Chance of building practical quantum computers

[mok-kong shen]

Wiki on quantum tomography says: "The number of experimental configurations (state preparations and measurements) required for quantum process tomography grows exponentially with the number of constituent particles of a system. Consequently, in general, QPT is an impossible task for large-scale systems." Doesn't this fairly clearly indicate that the chance of building a moderately sized quantum computer is extremely low from the very beginning, since verification of computer hardware is necessary in it's design, manufacture and maintenance?

 

[BvU]

Check http://www.tnw.tudelft.nl/nl/over-faculteit/afdelingen/quantum-nanoscience/medewerkers/onderzoeksgroepen/quantum-transport/research/background-information/quantum-computation/[/URL] or [PLAIN]http://www.tudelft.nl/en/current/latest-news/article/detail/einsteins-ongelijk-delfts-experiment-beeindigt-80-jaar-oude-discussie/[/URL]

These guys show some nice results [URL]http://www.nature.com/nature/journal/vaop/ncurrent/full/nature15759.html[/URL] and even in the times [URL='http://www.nytimes.com/2015/10/22/science/quantum-theory-experiment-said-to-prove-spooky-interactions.html']here[/URL]

 

[Strilanc]

My computer has 8 GiB of memory. The number of states it can be in is so large that it takes a billion digits to describe it. No one will ever ever have the time to validate that each of those states works. And yet it does work, mostly.

The trick is to not attack the state space as a black box.
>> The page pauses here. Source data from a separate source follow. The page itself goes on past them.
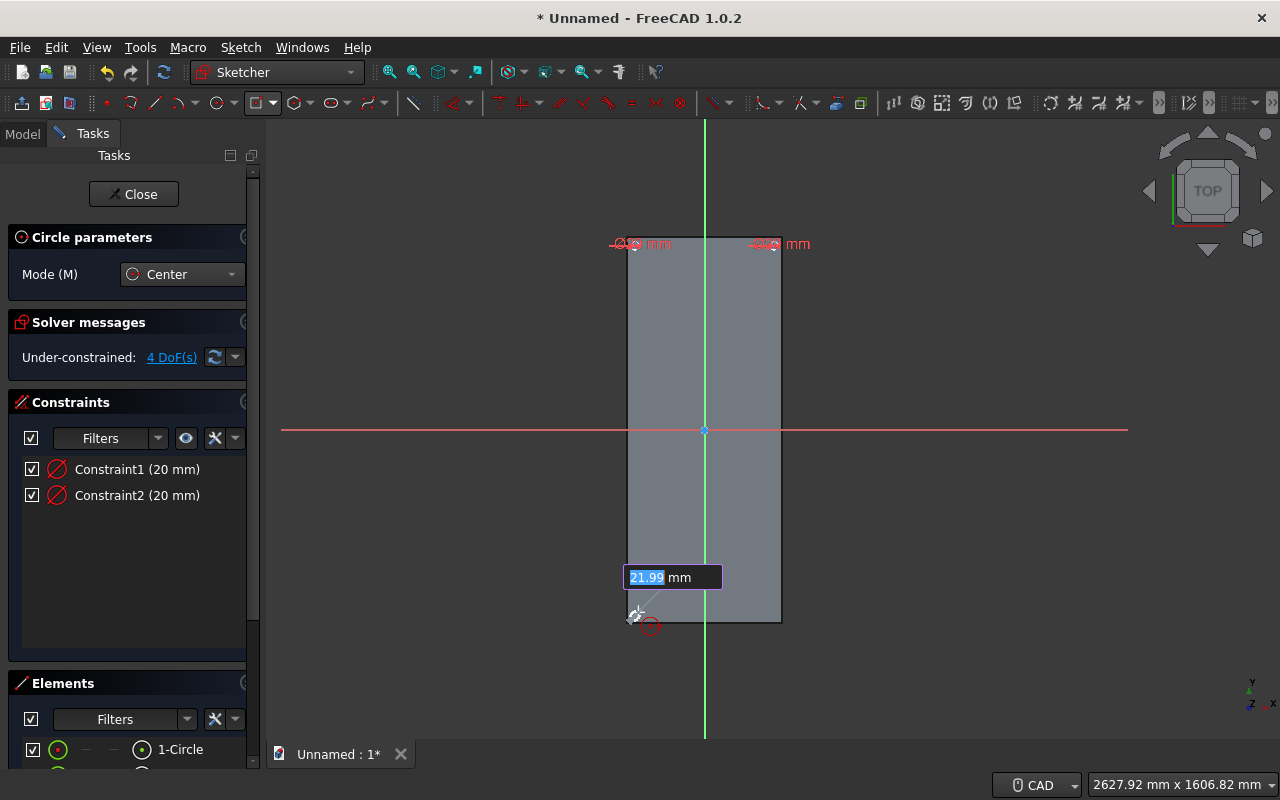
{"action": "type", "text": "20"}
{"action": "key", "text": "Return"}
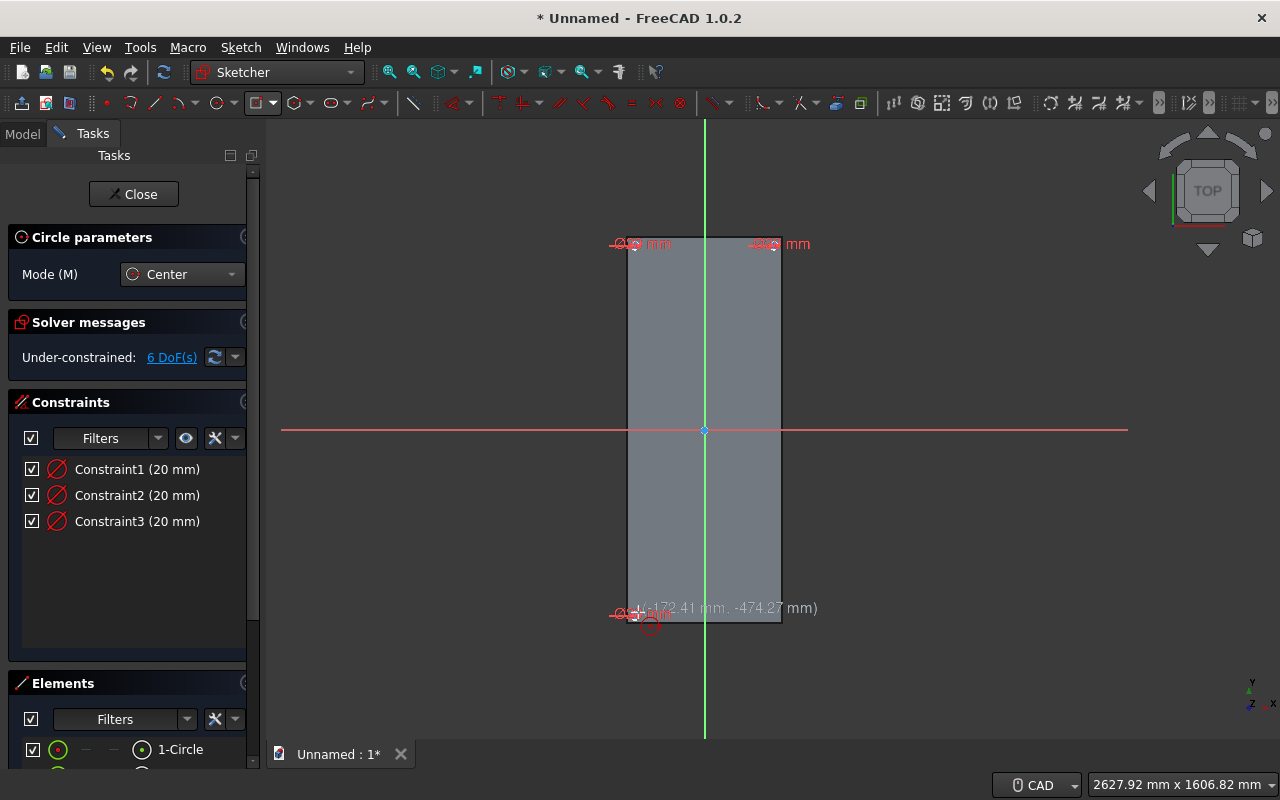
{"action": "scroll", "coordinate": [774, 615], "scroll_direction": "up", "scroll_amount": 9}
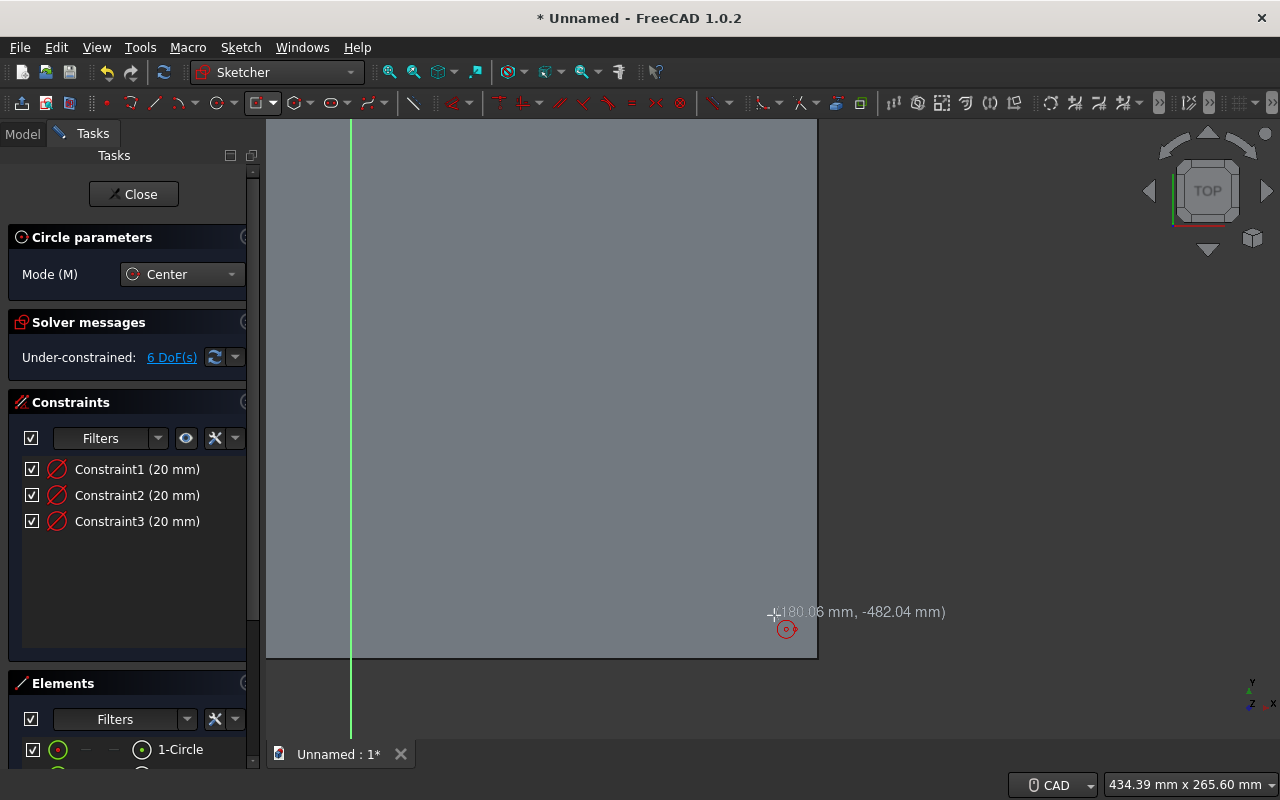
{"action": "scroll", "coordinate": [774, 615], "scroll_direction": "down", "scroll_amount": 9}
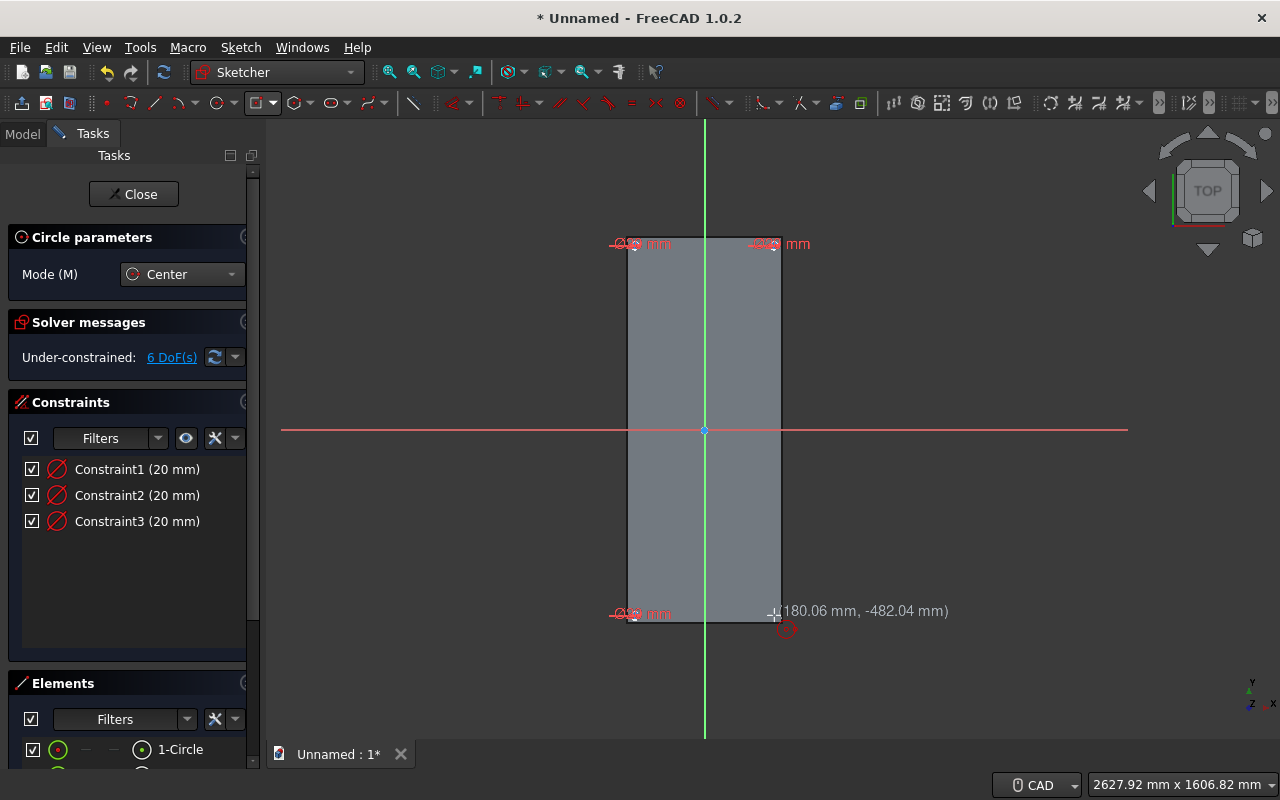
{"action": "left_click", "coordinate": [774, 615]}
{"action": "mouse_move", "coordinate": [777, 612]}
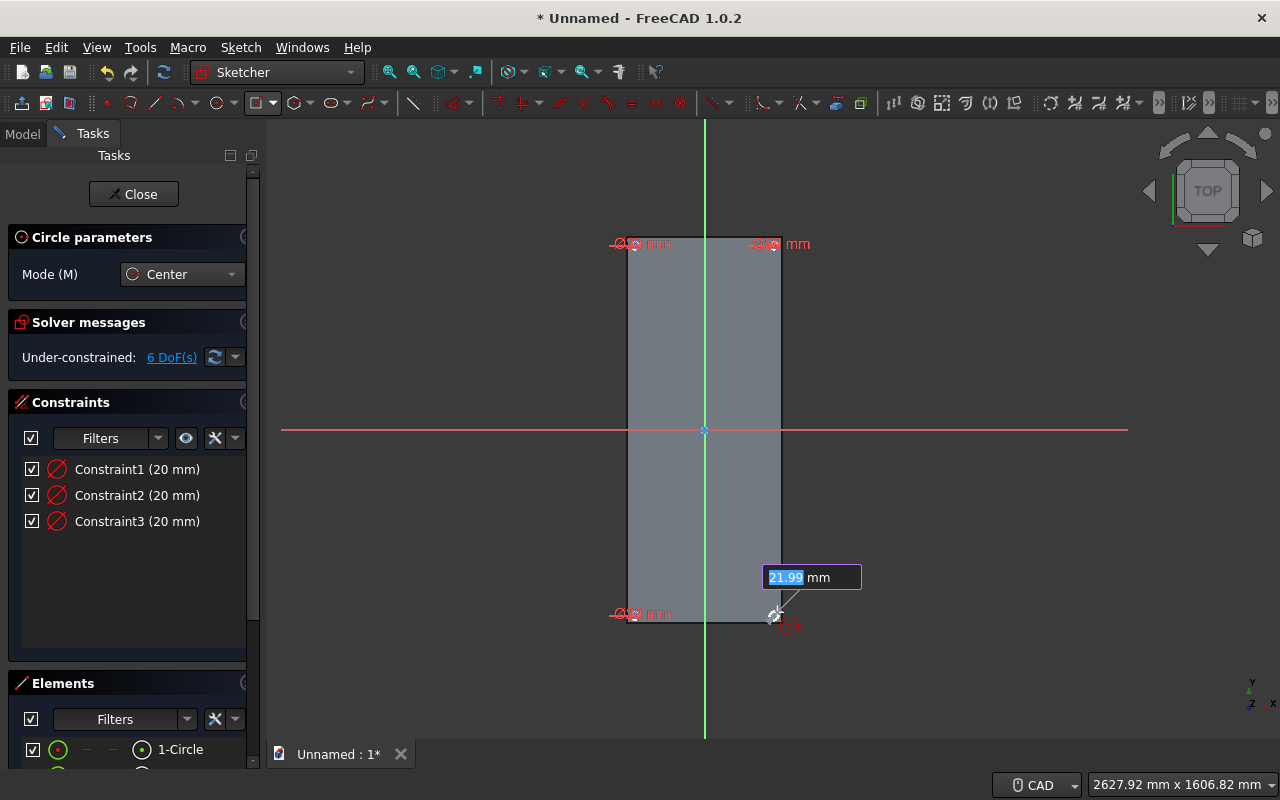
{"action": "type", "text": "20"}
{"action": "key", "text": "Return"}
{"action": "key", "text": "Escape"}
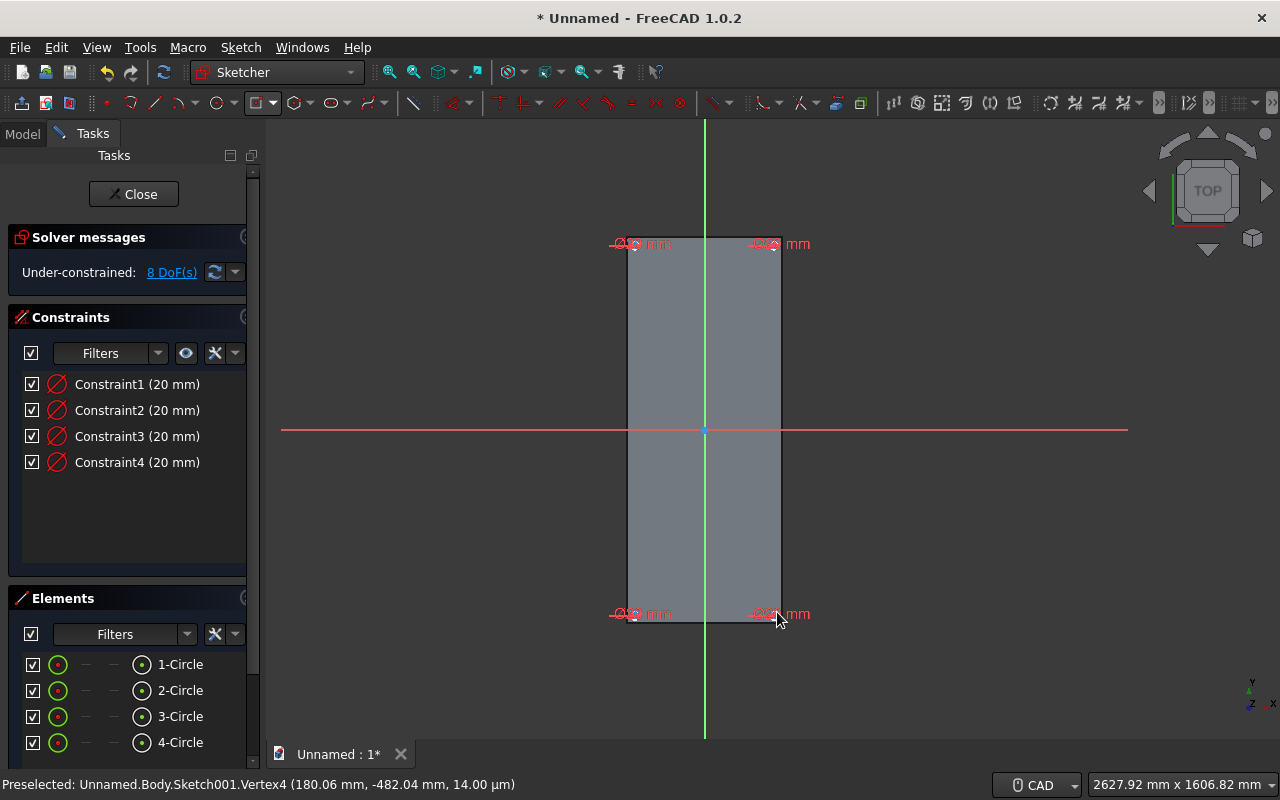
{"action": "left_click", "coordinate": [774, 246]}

The state is made up of repeated pieces interacting in common ways. Failures tend to break huge swaths of the space, instead of just a single state. And even if a single state was failing somehow, it's probably hard for the user to hit that state.

The same thing applies to quantum computers. Validate the pieces. Do statistical tests on the whole. Rely on truly subtle problems being hard to hit in practice. Understand your error model and use it to guide testing. If users do find that an algorithm consistently triggers a problem, include that algorithm in your test suite. Be good enough instead of perfect.

John Martinis recently wrote a paper on basically this subject, though at a smaller scale: Qubit metrology for building a fault-tolerant quantum computer.

 

[mok-kong shen]

If I don'r err, Martinis' paper doesn't mention quantum tomography. Hence my layman's questions: (1) Could quantum tomography play at least some role (i.e. even if it plays a comparatively smaller one than quantum error correction) in affecting the issue of the possibility of practical realization of quantum computing in the future (since the hardware needs diverse sorts of verifications)? (2) What is the relationship between quantum error correction and quantum tomography?